─── Data shown ───

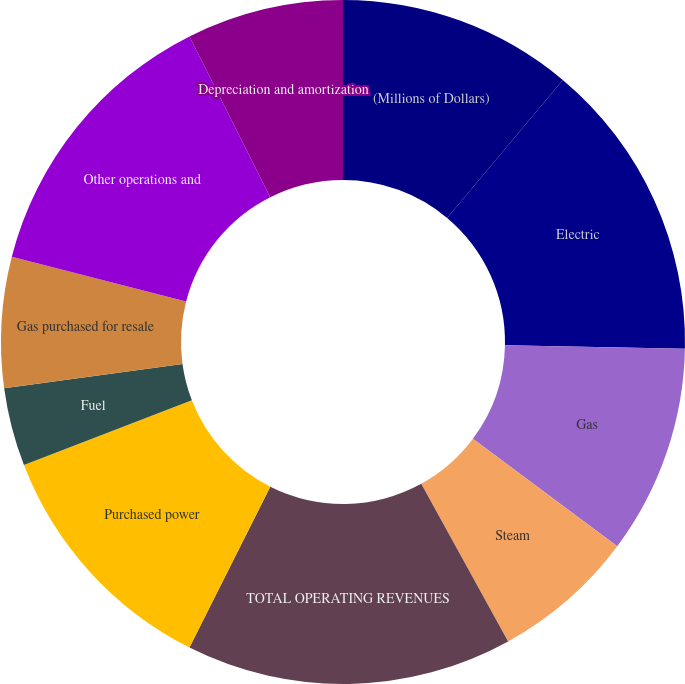<chart> <loc_0><loc_0><loc_500><loc_500><pie_chart><fcel>(Millions of Dollars)<fcel>Electric<fcel>Gas<fcel>Steam<fcel>TOTAL OPERATING REVENUES<fcel>Purchased power<fcel>Fuel<fcel>Gas purchased for resale<fcel>Other operations and<fcel>Depreciation and amortization<nl><fcel>11.11%<fcel>14.2%<fcel>9.88%<fcel>6.79%<fcel>15.43%<fcel>11.73%<fcel>3.7%<fcel>6.17%<fcel>13.58%<fcel>7.41%<nl></chart> 
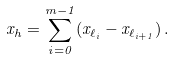Convert formula to latex. <formula><loc_0><loc_0><loc_500><loc_500>x _ { h } = \sum _ { i = 0 } ^ { m - 1 } ( x _ { \ell _ { i } } - x _ { \ell _ { i + 1 } } ) \, .</formula> 
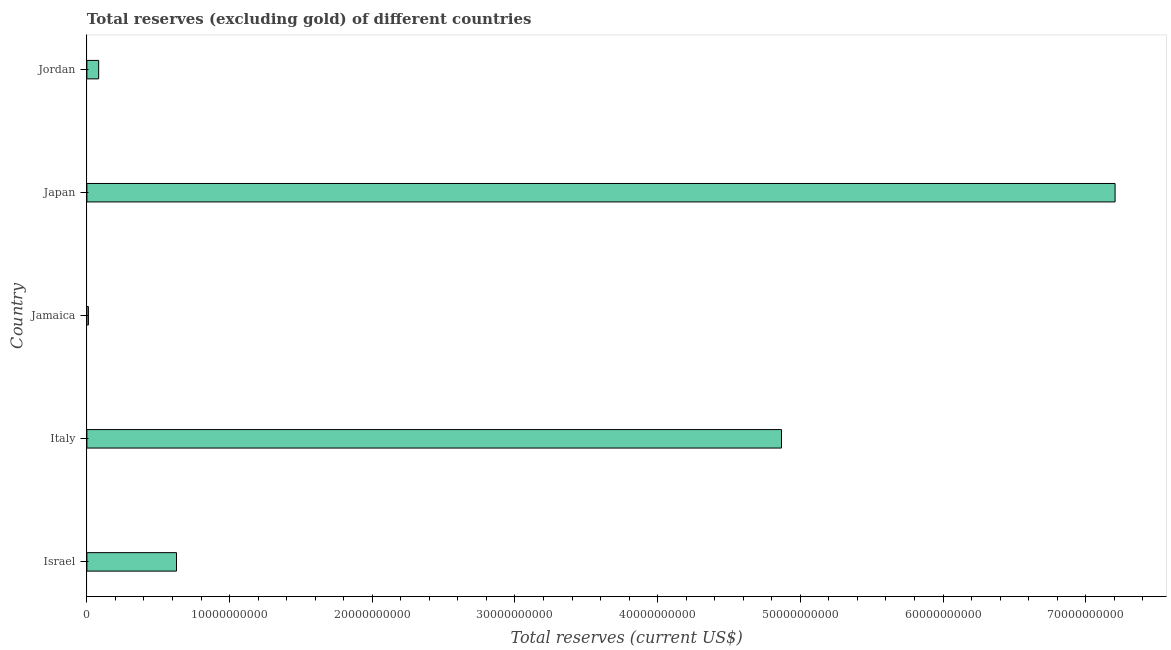Does the graph contain any zero values?
Ensure brevity in your answer.  No. Does the graph contain grids?
Give a very brief answer. No. What is the title of the graph?
Provide a short and direct response. Total reserves (excluding gold) of different countries. What is the label or title of the X-axis?
Offer a very short reply. Total reserves (current US$). What is the label or title of the Y-axis?
Offer a terse response. Country. What is the total reserves (excluding gold) in Jamaica?
Offer a very short reply. 1.06e+08. Across all countries, what is the maximum total reserves (excluding gold)?
Your answer should be compact. 7.21e+1. Across all countries, what is the minimum total reserves (excluding gold)?
Your answer should be compact. 1.06e+08. In which country was the total reserves (excluding gold) minimum?
Give a very brief answer. Jamaica. What is the sum of the total reserves (excluding gold)?
Offer a very short reply. 1.28e+11. What is the difference between the total reserves (excluding gold) in Israel and Jamaica?
Your answer should be compact. 6.17e+09. What is the average total reserves (excluding gold) per country?
Your answer should be compact. 2.56e+1. What is the median total reserves (excluding gold)?
Make the answer very short. 6.28e+09. What is the ratio of the total reserves (excluding gold) in Japan to that in Jordan?
Your answer should be compact. 87.26. Is the difference between the total reserves (excluding gold) in Italy and Jordan greater than the difference between any two countries?
Make the answer very short. No. What is the difference between the highest and the second highest total reserves (excluding gold)?
Make the answer very short. 2.34e+1. What is the difference between the highest and the lowest total reserves (excluding gold)?
Keep it short and to the point. 7.20e+1. In how many countries, is the total reserves (excluding gold) greater than the average total reserves (excluding gold) taken over all countries?
Offer a very short reply. 2. What is the Total reserves (current US$) in Israel?
Your answer should be very brief. 6.28e+09. What is the Total reserves (current US$) of Italy?
Keep it short and to the point. 4.87e+1. What is the Total reserves (current US$) in Jamaica?
Give a very brief answer. 1.06e+08. What is the Total reserves (current US$) of Japan?
Give a very brief answer. 7.21e+1. What is the Total reserves (current US$) of Jordan?
Give a very brief answer. 8.26e+08. What is the difference between the Total reserves (current US$) in Israel and Italy?
Keep it short and to the point. -4.24e+1. What is the difference between the Total reserves (current US$) in Israel and Jamaica?
Keep it short and to the point. 6.17e+09. What is the difference between the Total reserves (current US$) in Israel and Japan?
Ensure brevity in your answer.  -6.58e+1. What is the difference between the Total reserves (current US$) in Israel and Jordan?
Provide a short and direct response. 5.45e+09. What is the difference between the Total reserves (current US$) in Italy and Jamaica?
Provide a succinct answer. 4.86e+1. What is the difference between the Total reserves (current US$) in Italy and Japan?
Make the answer very short. -2.34e+1. What is the difference between the Total reserves (current US$) in Italy and Jordan?
Your response must be concise. 4.79e+1. What is the difference between the Total reserves (current US$) in Jamaica and Japan?
Ensure brevity in your answer.  -7.20e+1. What is the difference between the Total reserves (current US$) in Jamaica and Jordan?
Give a very brief answer. -7.20e+08. What is the difference between the Total reserves (current US$) in Japan and Jordan?
Make the answer very short. 7.12e+1. What is the ratio of the Total reserves (current US$) in Israel to that in Italy?
Make the answer very short. 0.13. What is the ratio of the Total reserves (current US$) in Israel to that in Jamaica?
Provide a succinct answer. 59.2. What is the ratio of the Total reserves (current US$) in Israel to that in Japan?
Your response must be concise. 0.09. What is the ratio of the Total reserves (current US$) in Israel to that in Jordan?
Offer a terse response. 7.6. What is the ratio of the Total reserves (current US$) in Italy to that in Jamaica?
Make the answer very short. 458.99. What is the ratio of the Total reserves (current US$) in Italy to that in Japan?
Give a very brief answer. 0.68. What is the ratio of the Total reserves (current US$) in Italy to that in Jordan?
Your answer should be compact. 58.95. What is the ratio of the Total reserves (current US$) in Jamaica to that in Japan?
Provide a short and direct response. 0. What is the ratio of the Total reserves (current US$) in Jamaica to that in Jordan?
Give a very brief answer. 0.13. What is the ratio of the Total reserves (current US$) in Japan to that in Jordan?
Your response must be concise. 87.26.

───

Exercise: With the line holding "Offer a very short reply. 1.06e+08." as the first and the line holding "Give a very brief answer. 1.06e+08." as the last, set down that range of the entries above exactly, and nothing else.

Solution below:
Offer a very short reply. 1.06e+08. Across all countries, what is the maximum total reserves (excluding gold)?
Your answer should be compact. 7.21e+1. Across all countries, what is the minimum total reserves (excluding gold)?
Your answer should be compact. 1.06e+08. In which country was the total reserves (excluding gold) minimum?
Give a very brief answer. Jamaica. What is the sum of the total reserves (excluding gold)?
Offer a very short reply. 1.28e+11. What is the difference between the total reserves (excluding gold) in Israel and Jamaica?
Your answer should be compact. 6.17e+09. What is the average total reserves (excluding gold) per country?
Your answer should be compact. 2.56e+1. What is the median total reserves (excluding gold)?
Make the answer very short. 6.28e+09. What is the ratio of the total reserves (excluding gold) in Japan to that in Jordan?
Your answer should be compact. 87.26. Is the difference between the total reserves (excluding gold) in Italy and Jordan greater than the difference between any two countries?
Make the answer very short. No. What is the difference between the highest and the second highest total reserves (excluding gold)?
Make the answer very short. 2.34e+1. What is the difference between the highest and the lowest total reserves (excluding gold)?
Keep it short and to the point. 7.20e+1. In how many countries, is the total reserves (excluding gold) greater than the average total reserves (excluding gold) taken over all countries?
Offer a very short reply. 2. What is the Total reserves (current US$) in Israel?
Your answer should be very brief. 6.28e+09. What is the Total reserves (current US$) of Italy?
Keep it short and to the point. 4.87e+1. What is the Total reserves (current US$) in Jamaica?
Give a very brief answer. 1.06e+08. What is the Total reserves (current US$) of Japan?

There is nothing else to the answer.